__Required action__: Using the data that follows, give again word for word the lines between the one holding "text public void" and the one holding "list On startup, Spry", inclusive. Omit the pictures.
··· Material shown
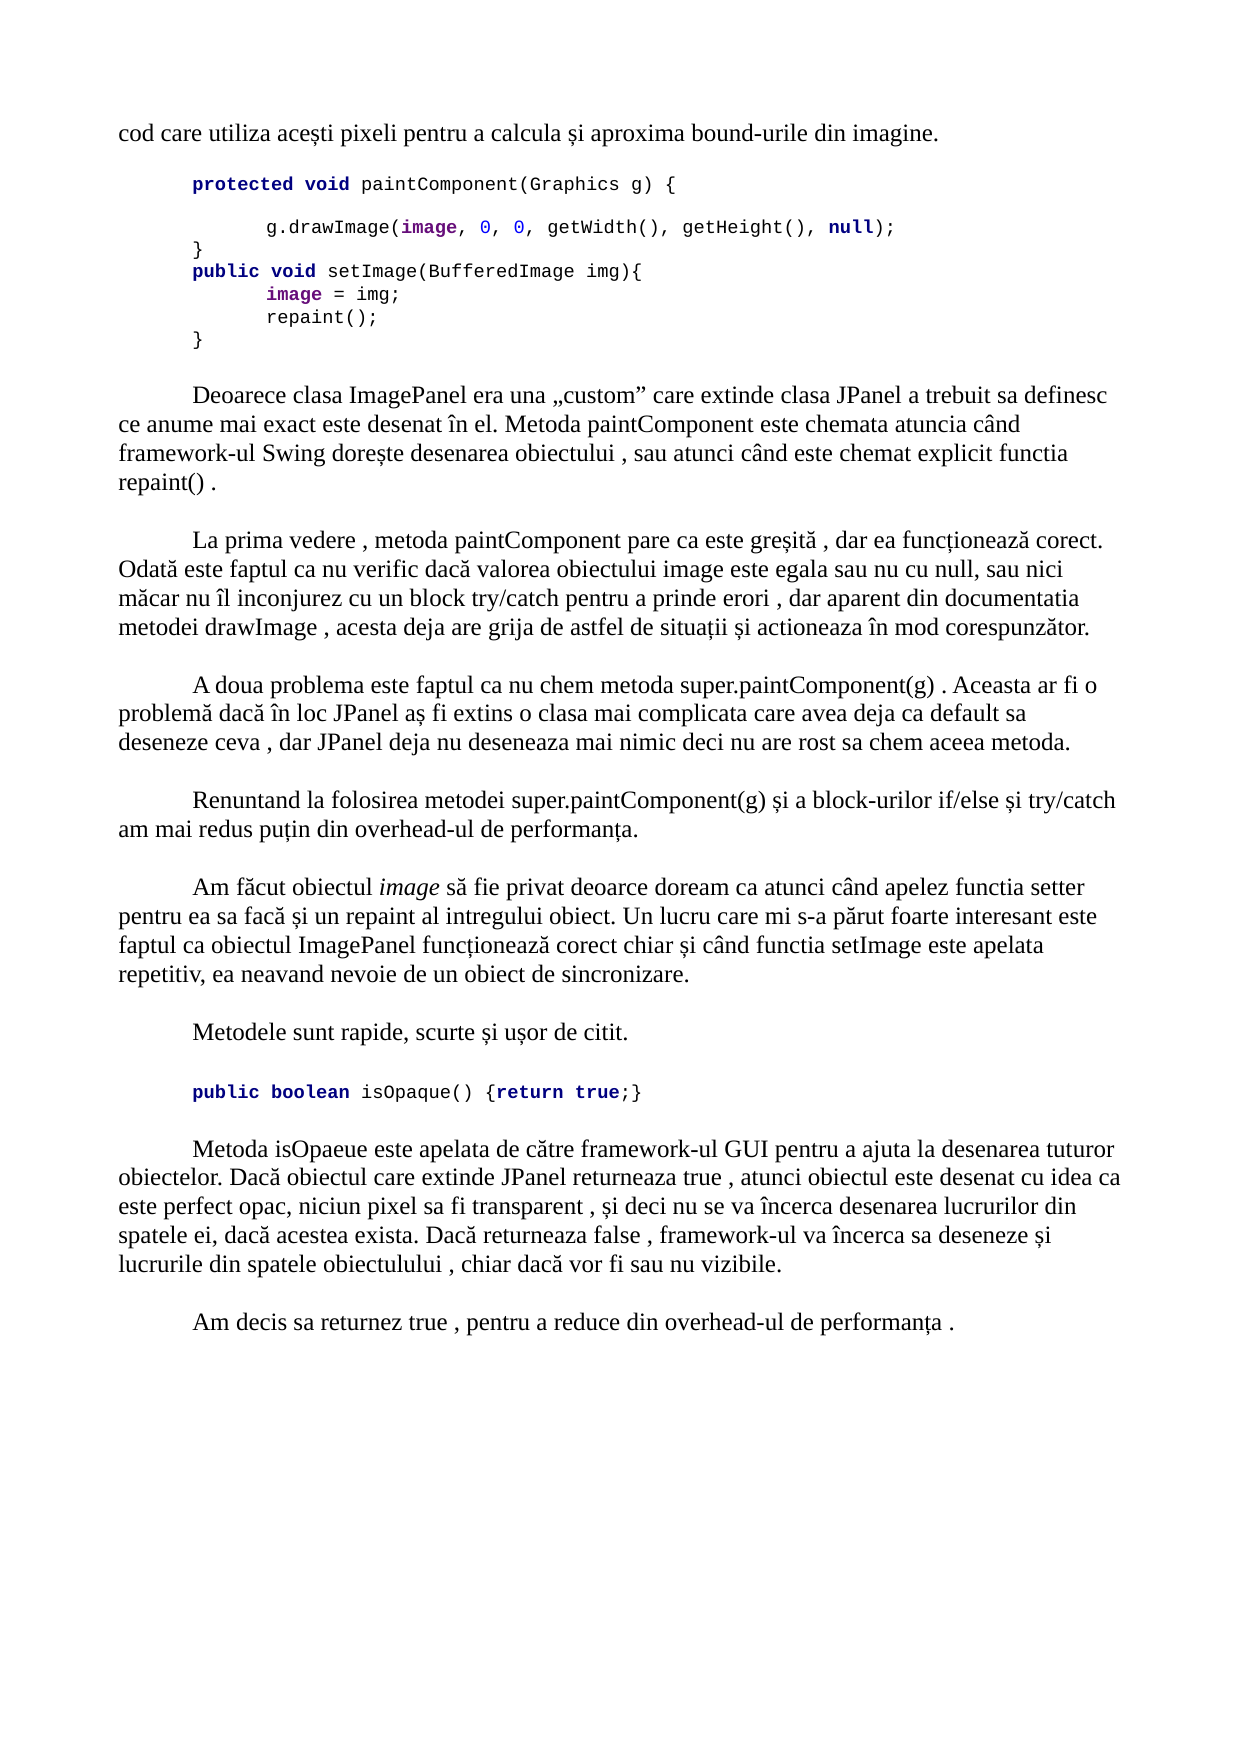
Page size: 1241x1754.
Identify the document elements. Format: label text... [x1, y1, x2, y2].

text Metoda isOpaeue este apelata de către framework-ul GUI pentru a ajuta la desenarea tuturor obiectelor. Dacă obiectul care extinde JPanel returneaza true , atunci obiectul este desenat cu idea ca este perfect opac, niciun pixel sa fi transparent , și deci nu se va încerca desenarea lucrurilor din spatele ei, dacă acestea exista. Dacă returneaza false , framework-ul va încerca sa deseneze și lucrurile din spatele obiectulului , chiar dacă vor fi sau nu vizibile. [118, 1134, 1122, 1277]
text g.drawImage(image, 0, 0, getWidth(), getHeight(), null); [118, 216, 1122, 240]
text Renuntand la folosirea metodei super.paintComponent(g) și a block-urilor if/else și try/catch am mai redus puțin din overhead-ul de performanța. [118, 786, 1122, 843]
text La prima vedere , metoda paintComponent pare ca este greșită , dar ea funcționează corect. Odată este faptul ca nu verific dacă valorea obiectului image este egala sau nu cu null, sau nici măcar nu îl inconjurez cu un block try/catch pentru a prinde erori , dar aparent din documentatia metodei drawImage , acesta deja are grija de astfel de situații și actioneaza în mod corespunzător. [118, 525, 1122, 640]
text Am decis sa returnez true , pentru a reduce din overhead-ul de performanța . [118, 1307, 1122, 1336]
text protected void paintComponent(Graphics g) { [118, 167, 1122, 196]
text Deoarece clasa ImagePanel era una „custom” care extinde clasa JPanel a trebuit sa definesc ce anume mai exact este desenat în el. Metoda paintComponent este chemata atuncia când framework-ul Swing dorește desenarea obiectului , sau atunci când este chemat explicit functia repaint() . [118, 381, 1122, 496]
text public boolean isOpaque() {return true;} [118, 1075, 1122, 1104]
text Am făcut obiectul image să fie privat deoarce doream ca atunci când apelez functia setter pentru ea sa facă și un repaint al intregului obiect. Un lucru care mi s-a părut foarte interesant este faptul ca obiectul ImagePanel funcționează corect chiar și când functia setImage este apelata repetitiv, ea neavand nevoie de un obiect de sincronizare. [118, 872, 1122, 987]
text Metodele sunt rapide, scurte și ușor de citit. [118, 1017, 1122, 1046]
text image = img; [118, 283, 1122, 306]
text } [118, 330, 1122, 351]
text repaint(); [118, 306, 1122, 330]
text cod care utiliza acești pixeli pentru a calcula și aproxima bound-urile din imagine. [118, 118, 1122, 147]
text A doua problema este faptul ca nu chem metoda super.paintComponent(g) . Aceasta ar fi o problemă dacă în loc JPanel aș fi extins o clasa mai complicata care avea deja ca default sa deseneze ceva , dar JPanel deja nu deseneaza mai nimic deci nu are rost sa chem aceea metoda. [118, 670, 1122, 756]
text } [118, 240, 1122, 261]
text public void setImage(BufferedImage img){ [118, 261, 1122, 283]
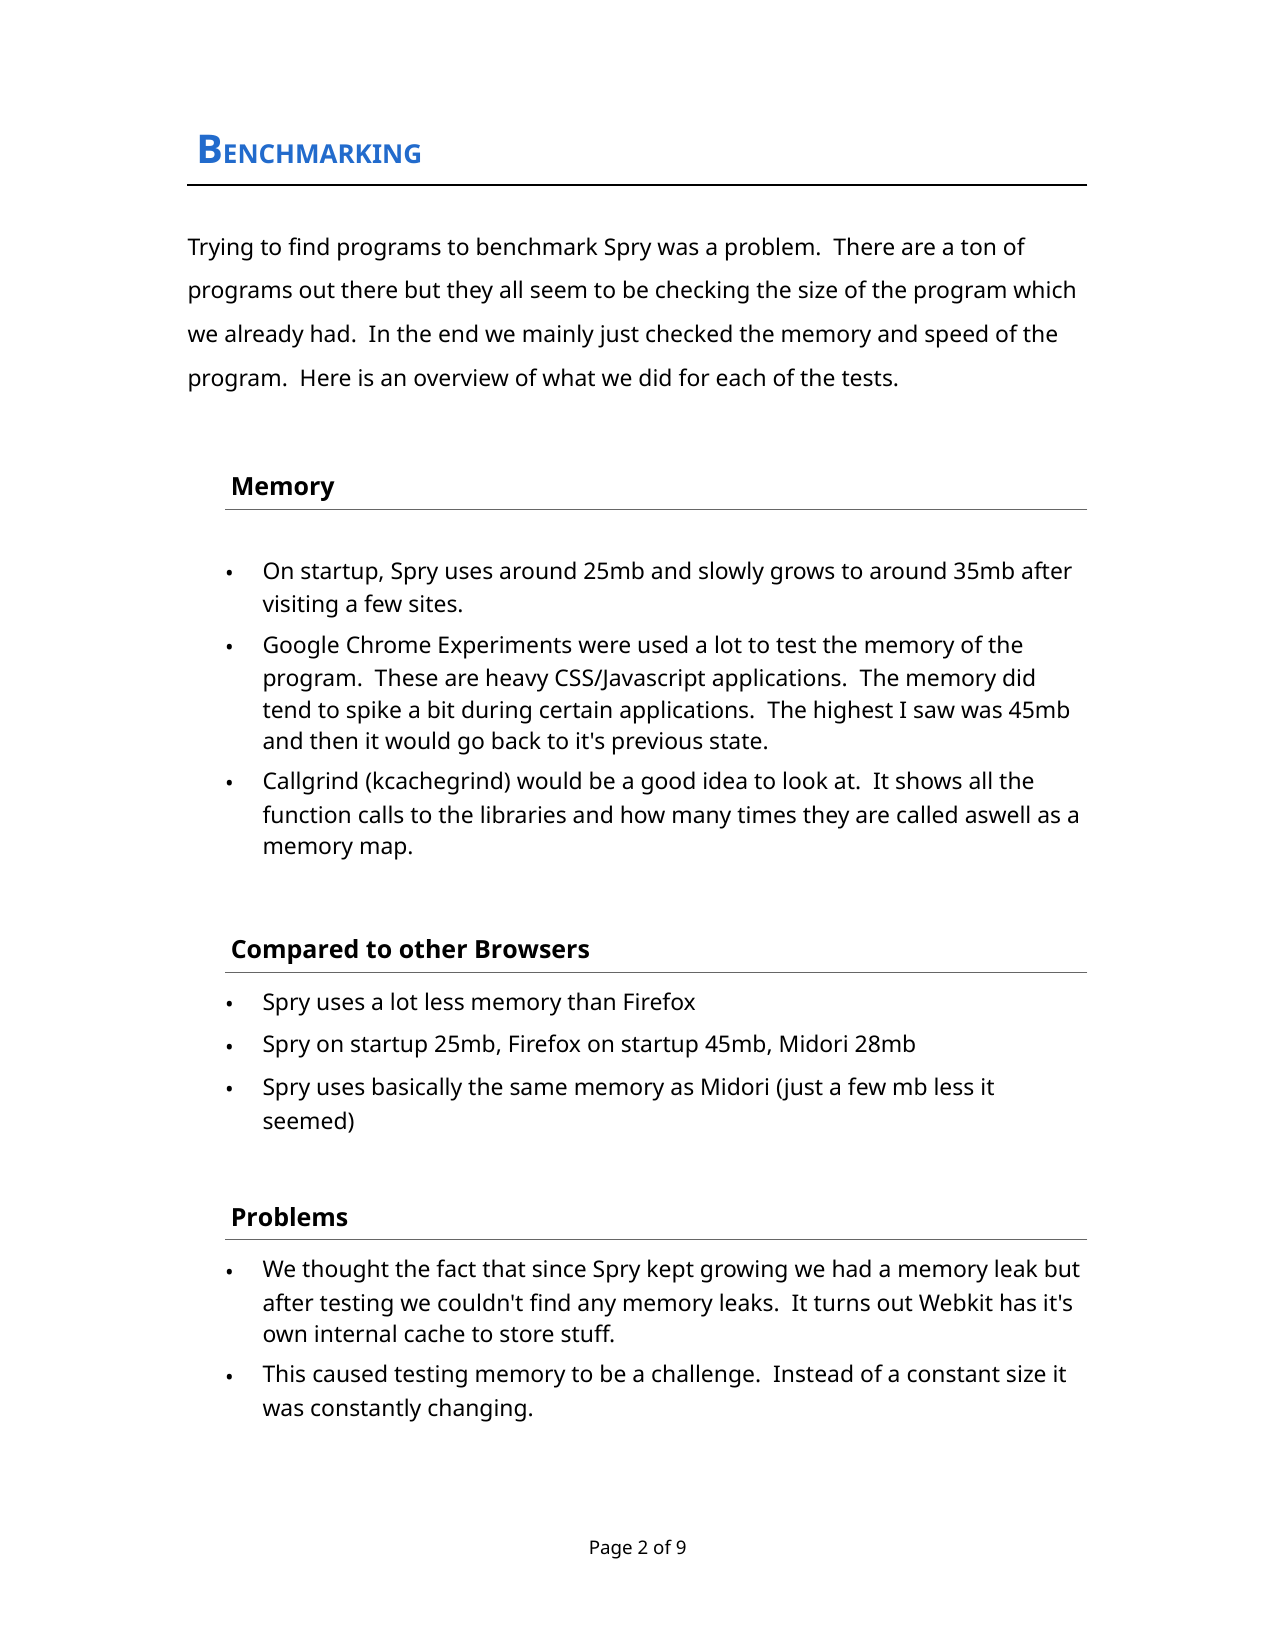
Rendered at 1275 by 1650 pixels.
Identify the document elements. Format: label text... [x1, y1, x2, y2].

subtitle Compared to other Browsers [225, 926, 1087, 972]
list We thought the fact that since Spry kept growing we had a memory leak but after testing we couldn't find any memory leaks. It turns out Webkit has it's own internal cache to store stuff. [225, 1253, 1087, 1349]
list Callgrind (kcachegrind) would be a good idea to look at. It shows all the function calls to the libraries and how many times they are called aswell as a memory map. [225, 765, 1087, 861]
subtitle Problems [225, 1193, 1087, 1239]
list On startup, Spry uses around 25mb and slowly grows to around 35mb after visiting a few sites. [225, 555, 1087, 620]
text Trying to find programs to benchmark Spry was a problem. There are a ton of programs out there but they all seem to be checking the size of the program which we already had. In the end we mainly just checked the memory and speed of the program. Here is an overview of what we did for each of the tests. [187, 231, 1087, 393]
list Spry uses a lot less memory than Firefox [225, 986, 1087, 1019]
list Spry uses basically the same memory as Midori (just a few mb less it seemed) [225, 1071, 1087, 1136]
subtitle Benchmarking [187, 112, 1087, 184]
subtitle Memory [225, 463, 1087, 509]
list Spry on startup 25mb, Firefox on startup 45mb, Midori 28mb [225, 1028, 1087, 1062]
list This caused testing memory to be a challenge. Instead of a constant size it was constantly changing. [225, 1358, 1087, 1423]
list Google Chrome Experiments were used a lot to test the memory of the program. These are heavy CSS/Javascript applications. The memory did tend to spike a bit during certain applications. The highest I saw was 45mb and then it would go back to it's previous state. [225, 628, 1087, 756]
······
__Reply to the task__:
text public void setImage(BufferedImage img){ [118, 261, 1122, 283]
Rendered at 1275 by 1650 pixels.
Identify the document elements. Format: label text... [x1, y1, x2, y2].

subtitle Compared to other Browsers [225, 926, 1087, 972]
list We thought the fact that since Spry kept growing we had a memory leak but after testing we couldn't find any memory leaks. It turns out Webkit has it's own internal cache to store stuff. [225, 1253, 1087, 1349]
list Callgrind (kcachegrind) would be a good idea to look at. It shows all the function calls to the libraries and how many times they are called aswell as a memory map. [225, 765, 1087, 861]
subtitle Problems [225, 1193, 1087, 1239]
list On startup, Spry uses around 25mb and slowly grows to around 35mb after visiting a few sites. [225, 555, 1087, 620]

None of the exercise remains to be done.